* _EXERCISE DETAILS_: Your answer is one number, how many lines in the entries include "optimal".

━━ THE INPUT

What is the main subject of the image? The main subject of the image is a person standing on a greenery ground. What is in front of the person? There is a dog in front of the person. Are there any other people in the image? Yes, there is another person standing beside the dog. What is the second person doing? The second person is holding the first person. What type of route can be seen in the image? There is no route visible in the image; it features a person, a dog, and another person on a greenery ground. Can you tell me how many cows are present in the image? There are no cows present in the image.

━━━━
━━ THE INPUT

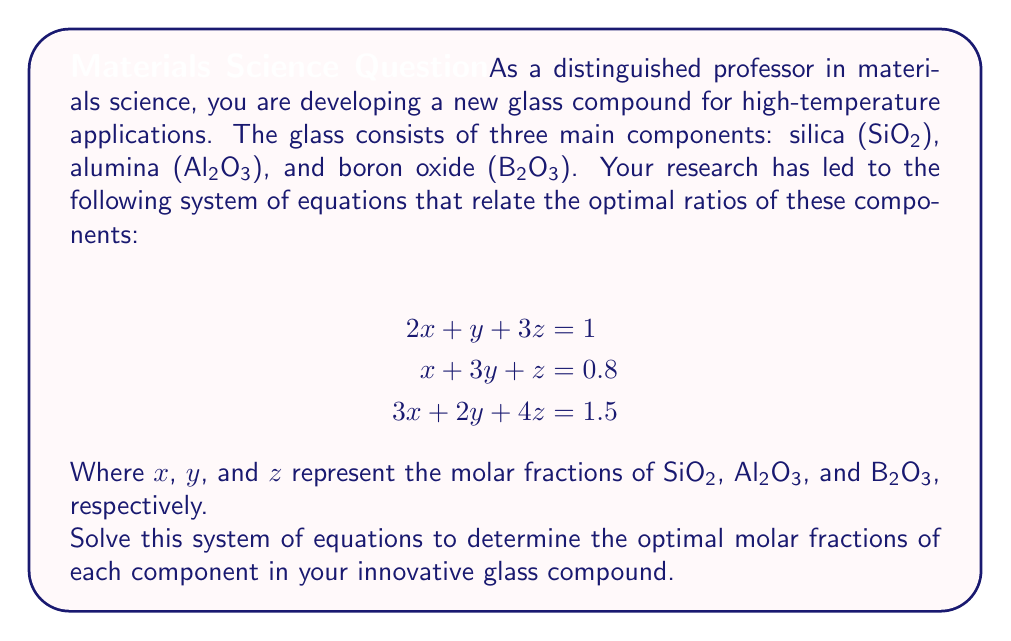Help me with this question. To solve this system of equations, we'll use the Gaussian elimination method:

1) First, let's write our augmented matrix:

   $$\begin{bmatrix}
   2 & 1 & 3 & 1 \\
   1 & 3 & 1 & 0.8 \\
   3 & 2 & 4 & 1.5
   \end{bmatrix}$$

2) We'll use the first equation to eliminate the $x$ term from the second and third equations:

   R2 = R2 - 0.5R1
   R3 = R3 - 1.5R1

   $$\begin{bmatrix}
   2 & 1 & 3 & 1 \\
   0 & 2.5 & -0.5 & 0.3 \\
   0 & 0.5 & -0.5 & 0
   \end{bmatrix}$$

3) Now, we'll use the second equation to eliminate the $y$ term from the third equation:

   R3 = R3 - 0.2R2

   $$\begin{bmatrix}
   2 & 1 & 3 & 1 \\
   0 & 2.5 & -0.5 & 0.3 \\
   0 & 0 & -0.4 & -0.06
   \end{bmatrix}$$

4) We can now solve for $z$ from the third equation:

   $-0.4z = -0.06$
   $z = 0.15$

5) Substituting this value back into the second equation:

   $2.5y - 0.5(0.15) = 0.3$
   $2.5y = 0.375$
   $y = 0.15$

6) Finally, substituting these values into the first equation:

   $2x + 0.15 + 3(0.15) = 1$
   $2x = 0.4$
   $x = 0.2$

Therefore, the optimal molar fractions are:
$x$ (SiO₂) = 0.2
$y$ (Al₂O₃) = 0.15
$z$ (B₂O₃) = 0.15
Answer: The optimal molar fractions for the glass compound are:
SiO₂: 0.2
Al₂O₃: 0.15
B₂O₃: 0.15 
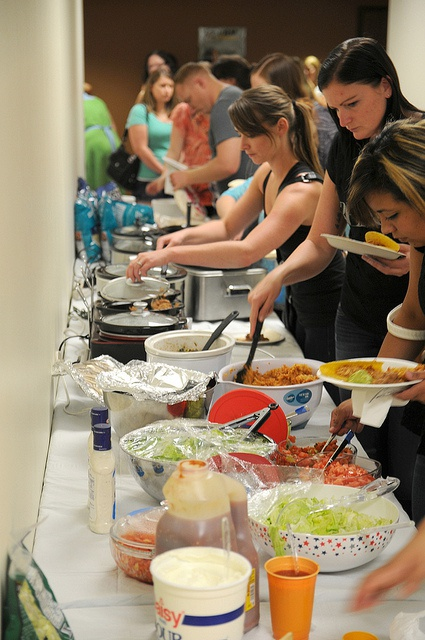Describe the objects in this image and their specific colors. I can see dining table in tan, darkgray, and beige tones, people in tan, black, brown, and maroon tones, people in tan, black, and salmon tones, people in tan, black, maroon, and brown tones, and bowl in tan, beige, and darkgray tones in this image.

━━━━
━━ THE INPUT

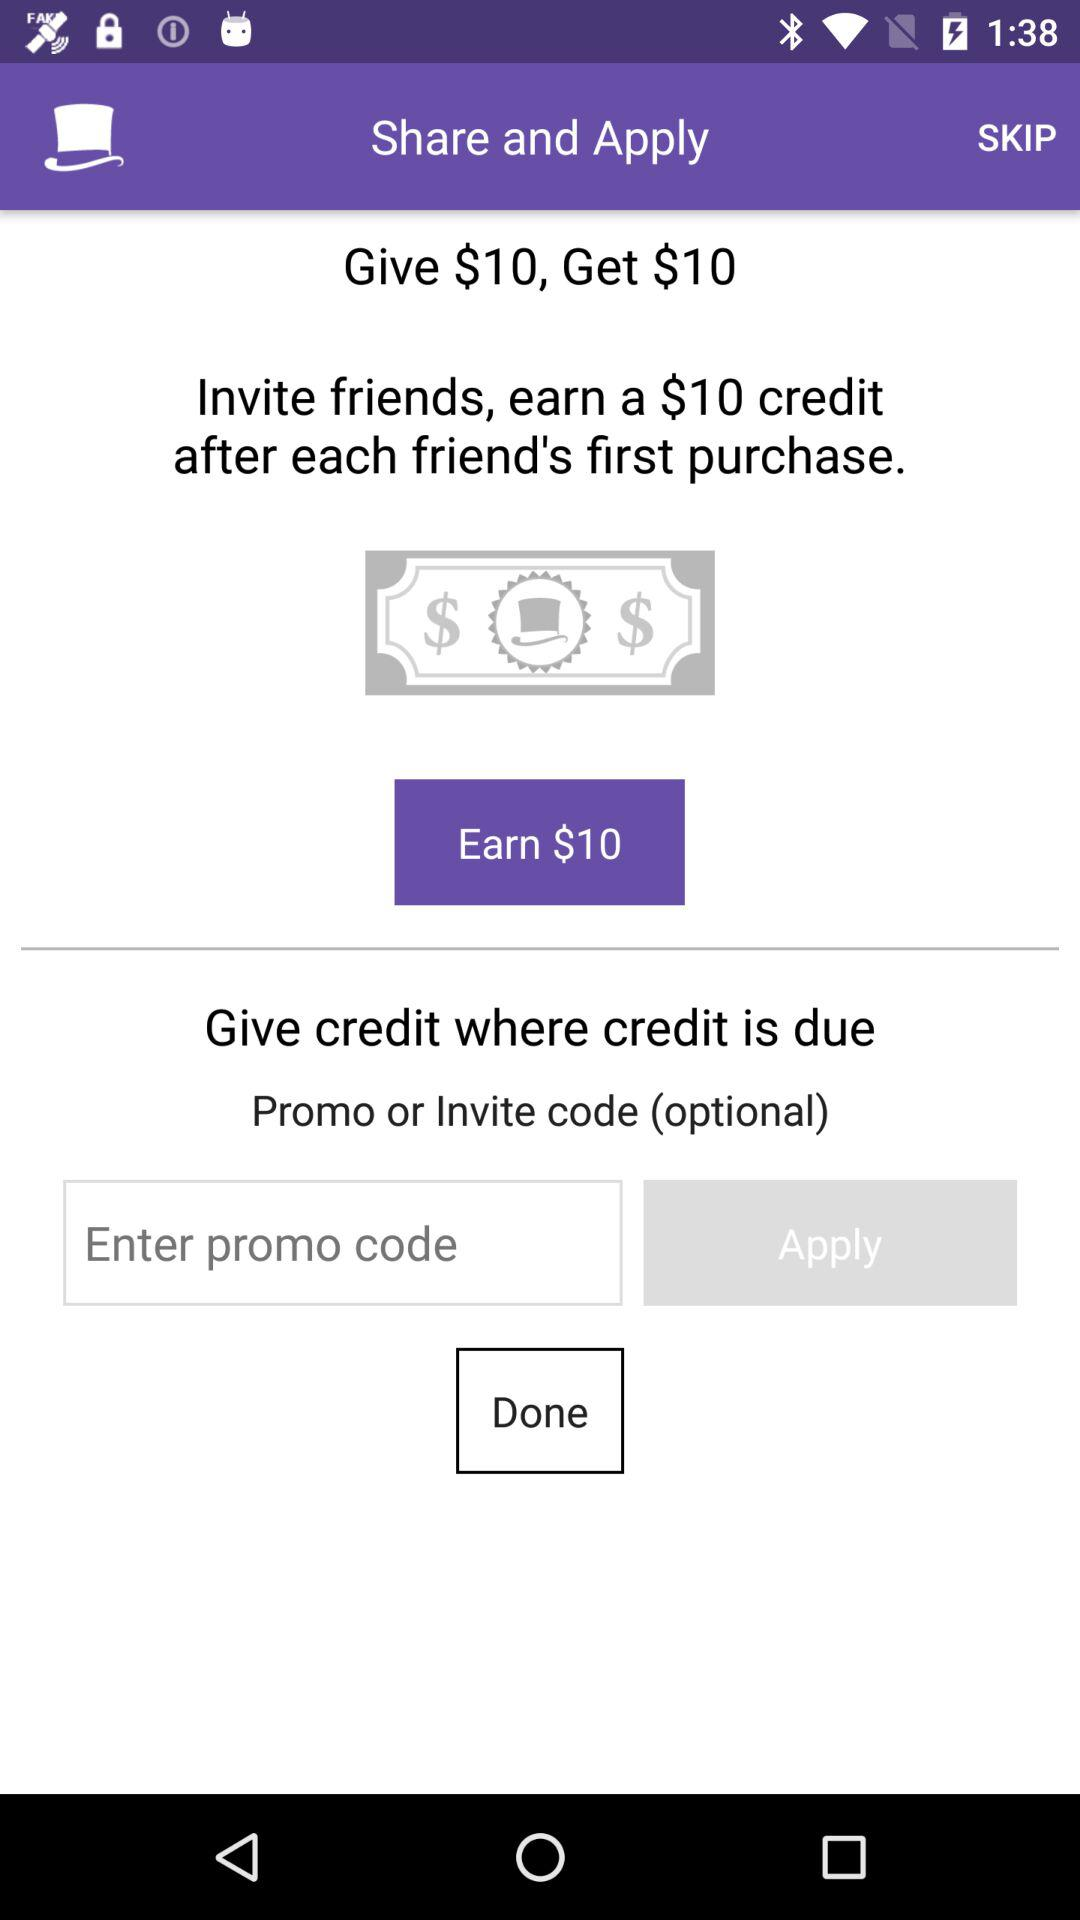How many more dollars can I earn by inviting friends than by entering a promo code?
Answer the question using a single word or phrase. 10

━━━━

* _TASK OUTPUT_: 2